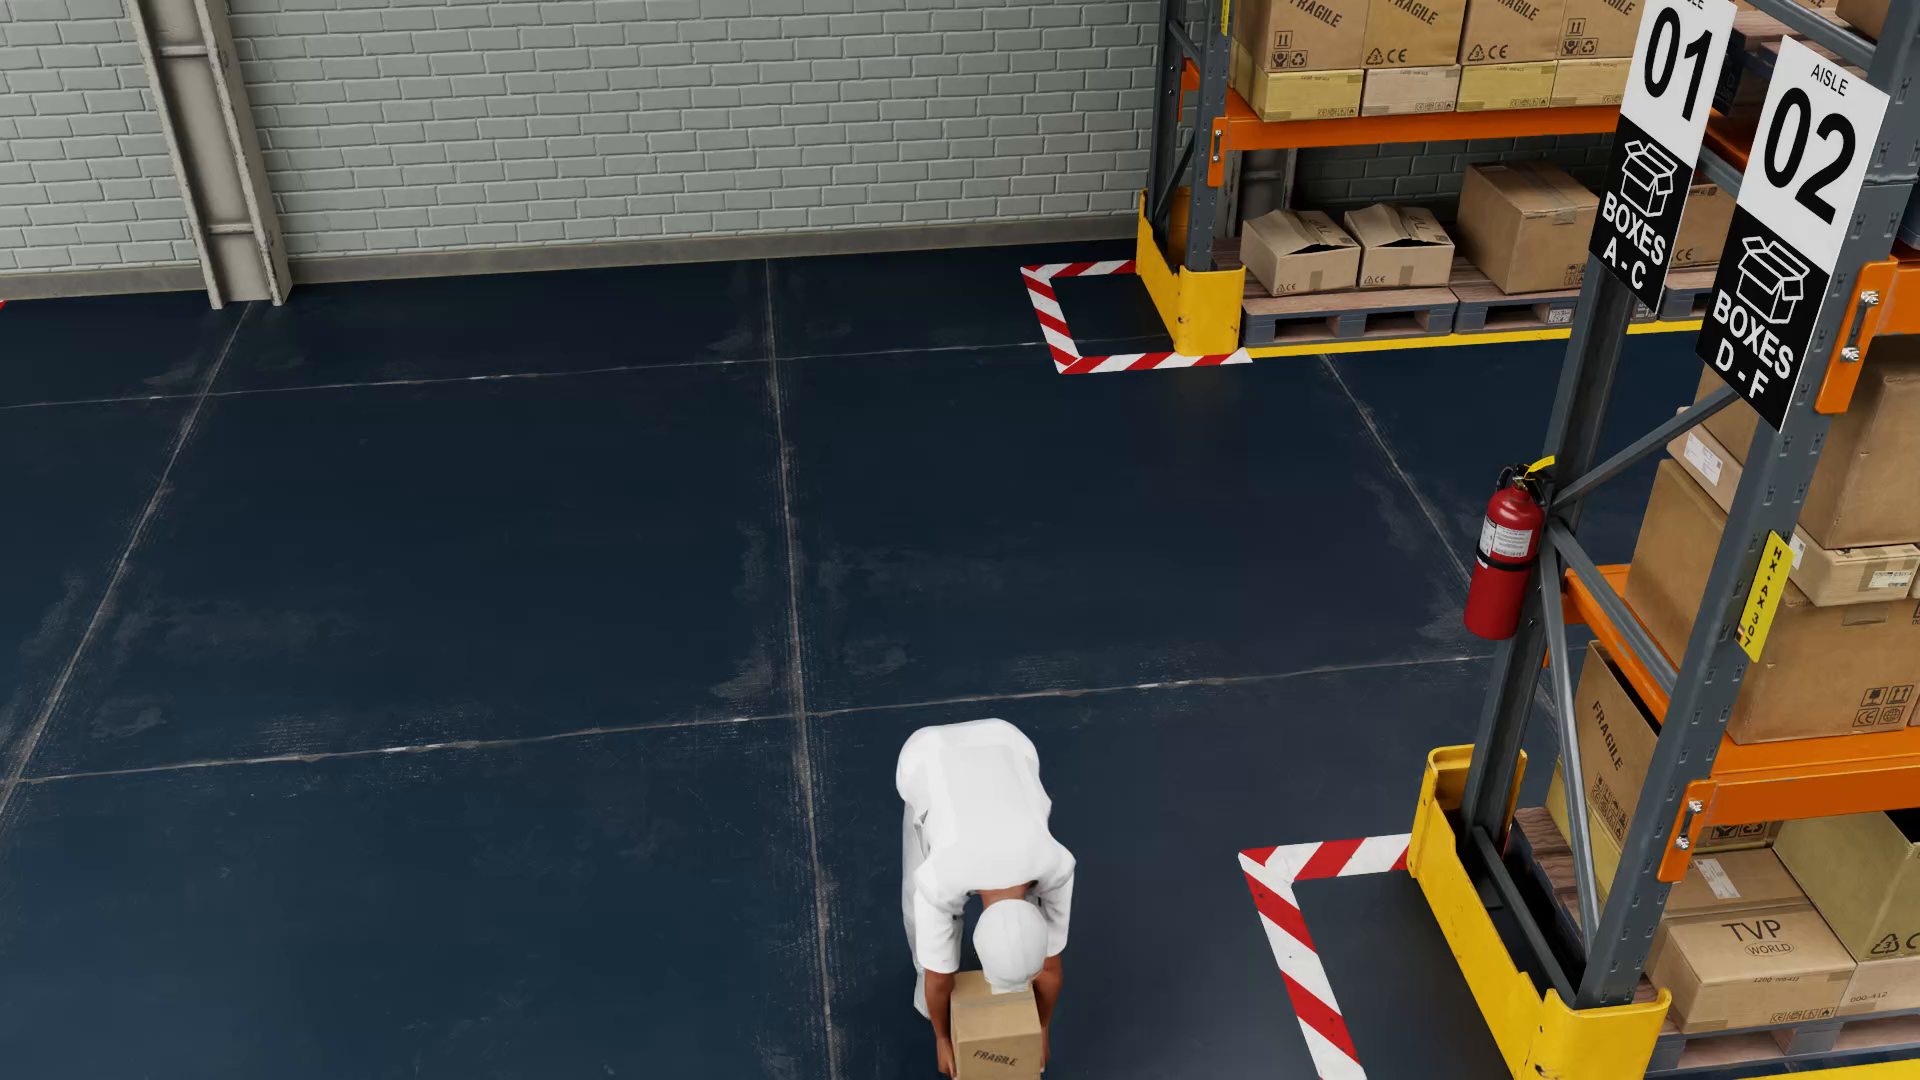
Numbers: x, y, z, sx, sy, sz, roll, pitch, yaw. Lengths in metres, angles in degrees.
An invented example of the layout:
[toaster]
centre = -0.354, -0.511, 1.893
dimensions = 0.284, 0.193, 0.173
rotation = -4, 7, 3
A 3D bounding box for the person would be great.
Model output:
[person]
centre = 0.083, 1.159, 5.066
dimensions = 0.486, 1.053, 0.981
rotation = -6, 35, -8
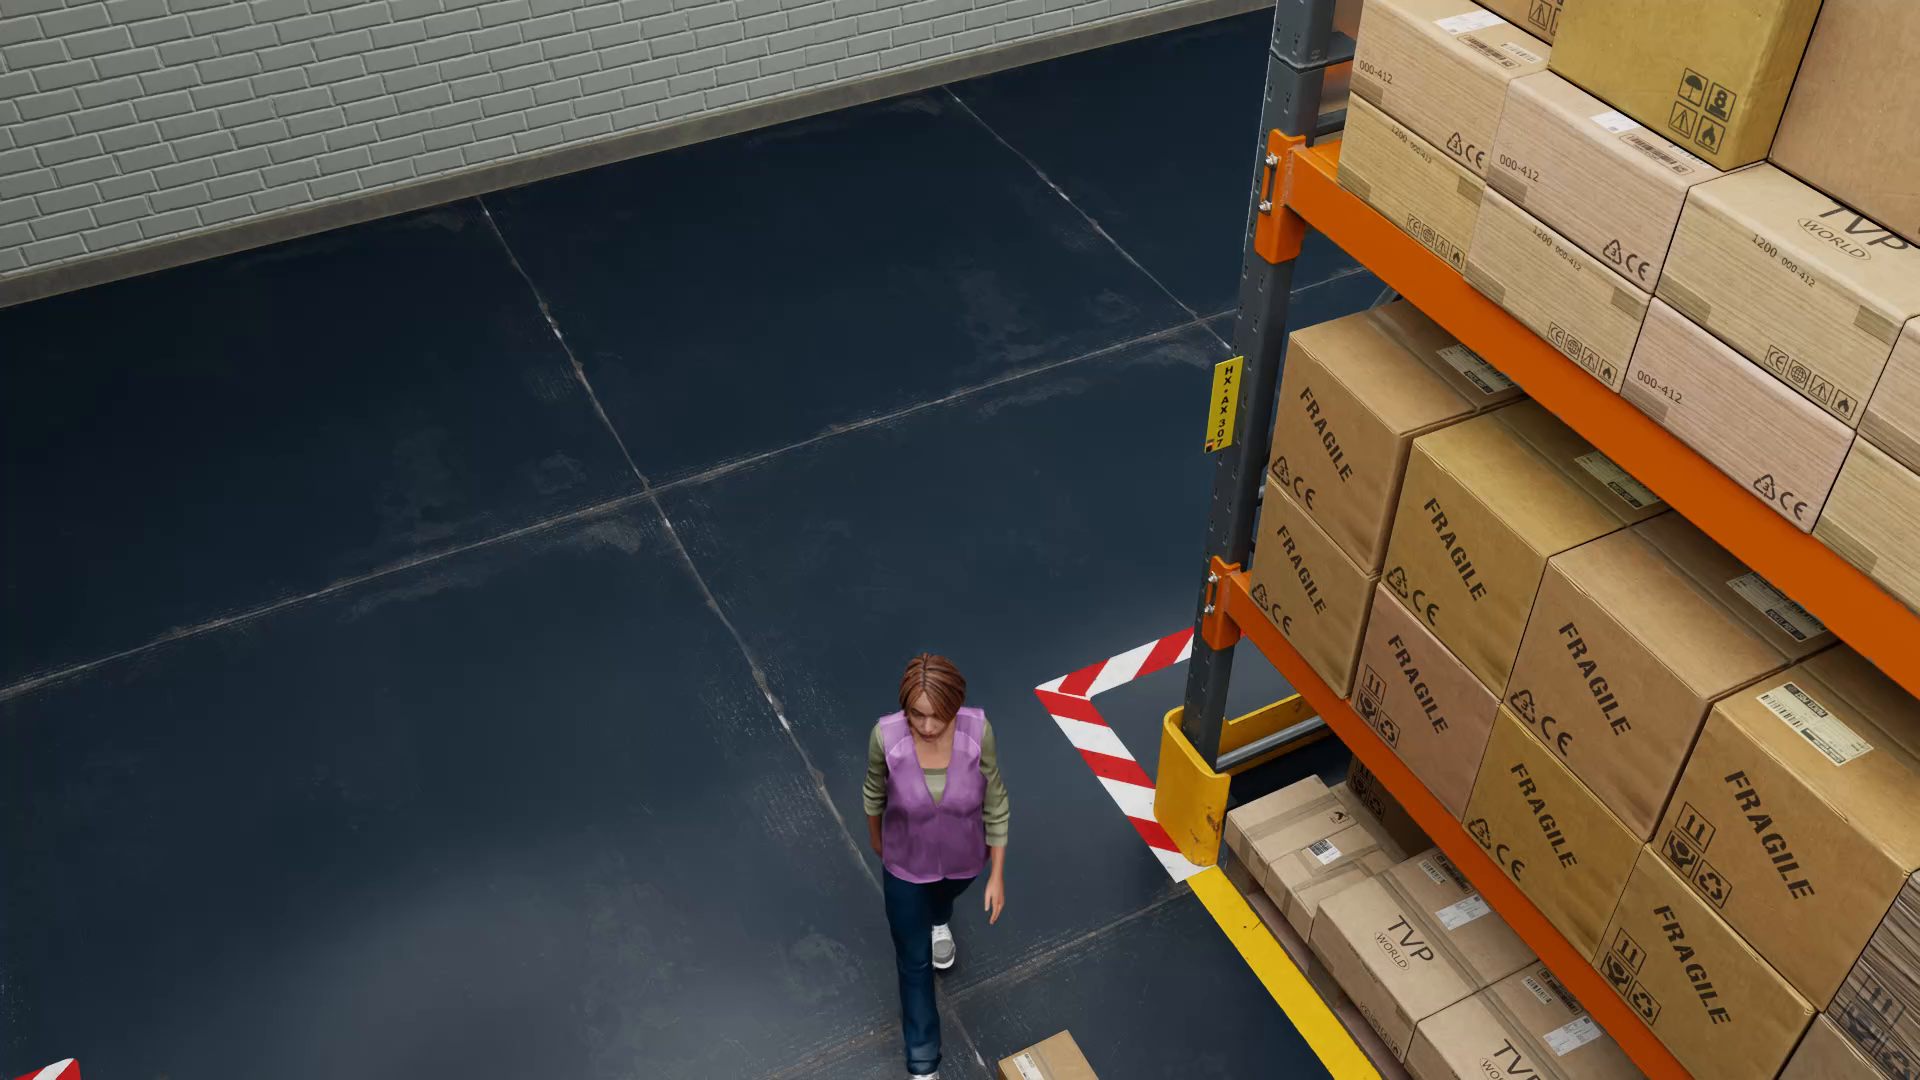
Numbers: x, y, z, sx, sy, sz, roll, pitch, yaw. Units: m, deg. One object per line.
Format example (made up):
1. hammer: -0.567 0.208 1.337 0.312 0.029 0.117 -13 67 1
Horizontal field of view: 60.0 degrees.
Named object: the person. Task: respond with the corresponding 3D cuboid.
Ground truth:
1. person: -0.049 1.010 5.034 0.417 1.548 0.897 -8 43 -9
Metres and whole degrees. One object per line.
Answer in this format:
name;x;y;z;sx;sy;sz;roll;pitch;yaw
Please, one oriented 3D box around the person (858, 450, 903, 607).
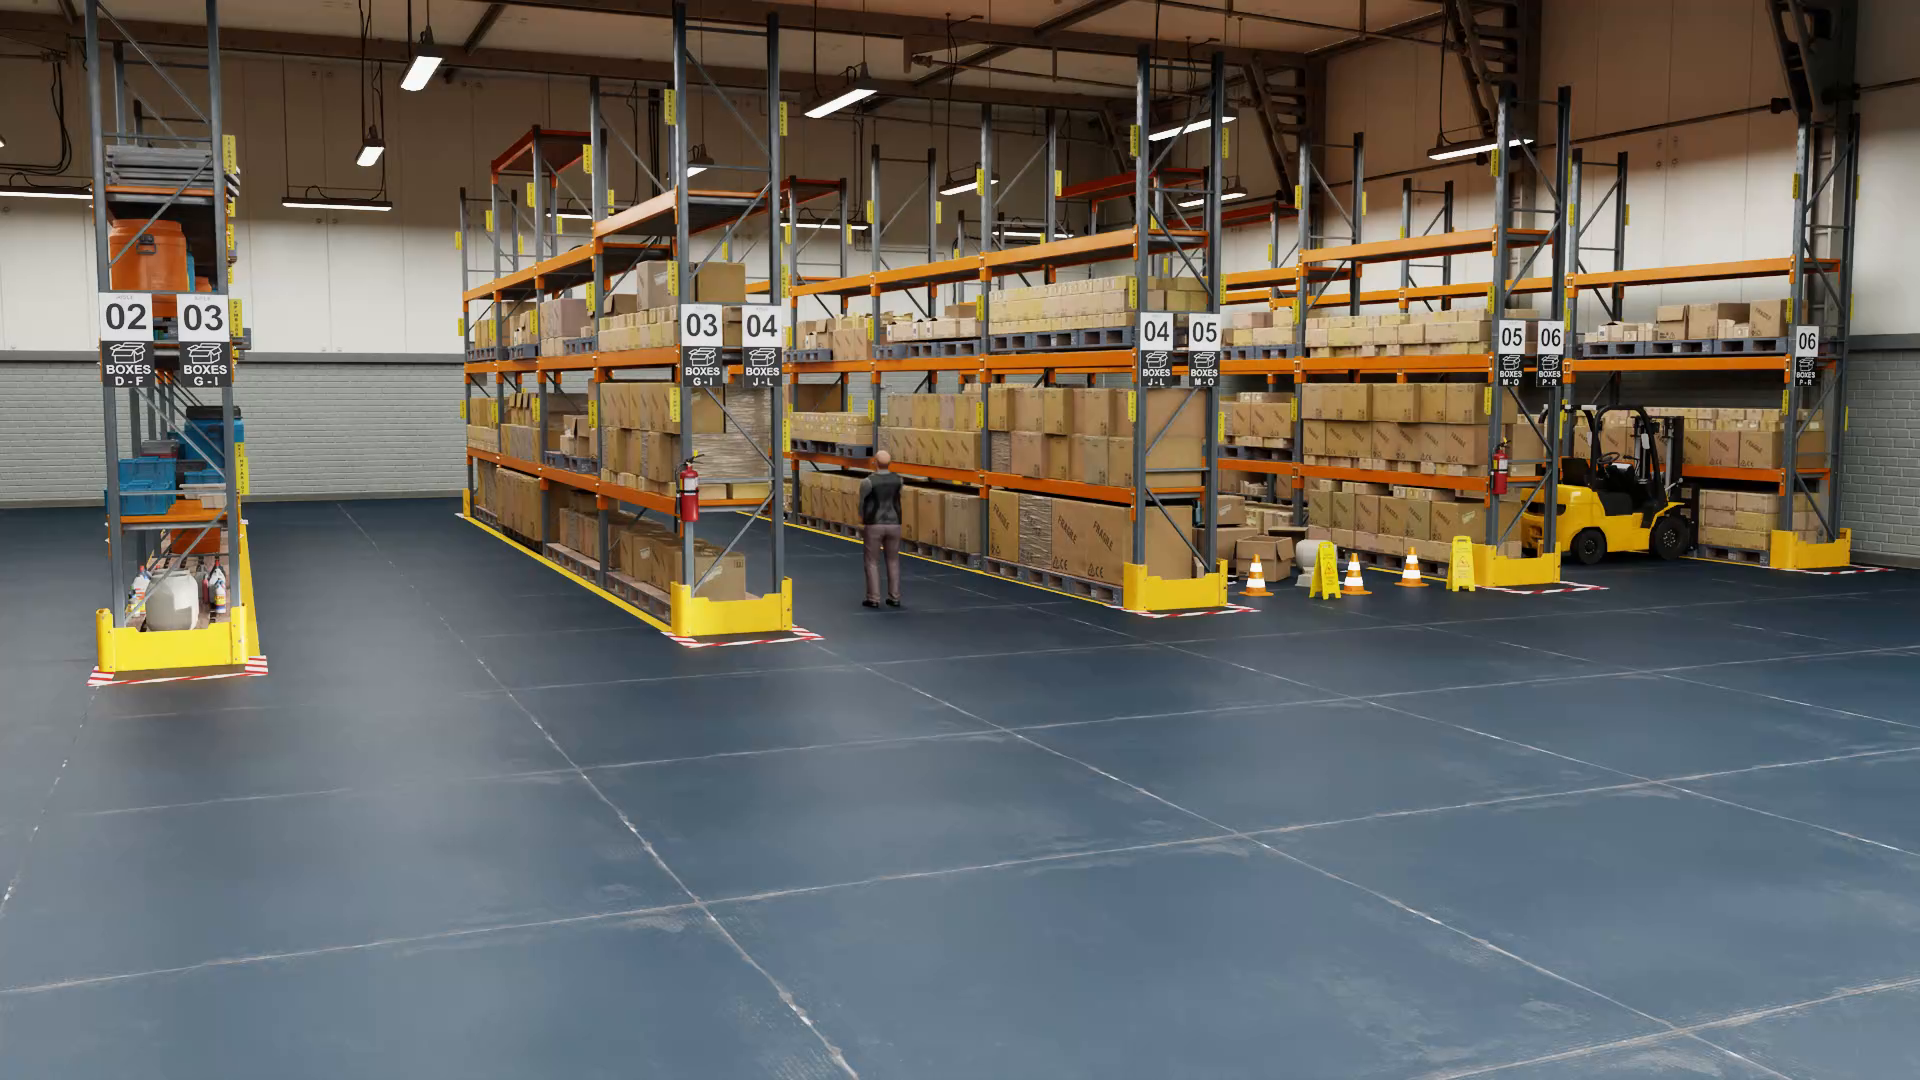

______

● **What is being asked**: Repeat, exactly as they stand above, the lines from the line with "Horizontal field of view: 60.0 degrees." to the line with "Answer in this", both lines included.

● **Answer below**:
Horizontal field of view: 60.0 degrees.
Named object: the person. Task: respond with the corresponding 3D cuboid.
Ground truth:
1. person: -0.049 1.010 5.034 0.417 1.548 0.897 -8 43 -9
Metres and whole degrees. One object per line.
Answer in this format:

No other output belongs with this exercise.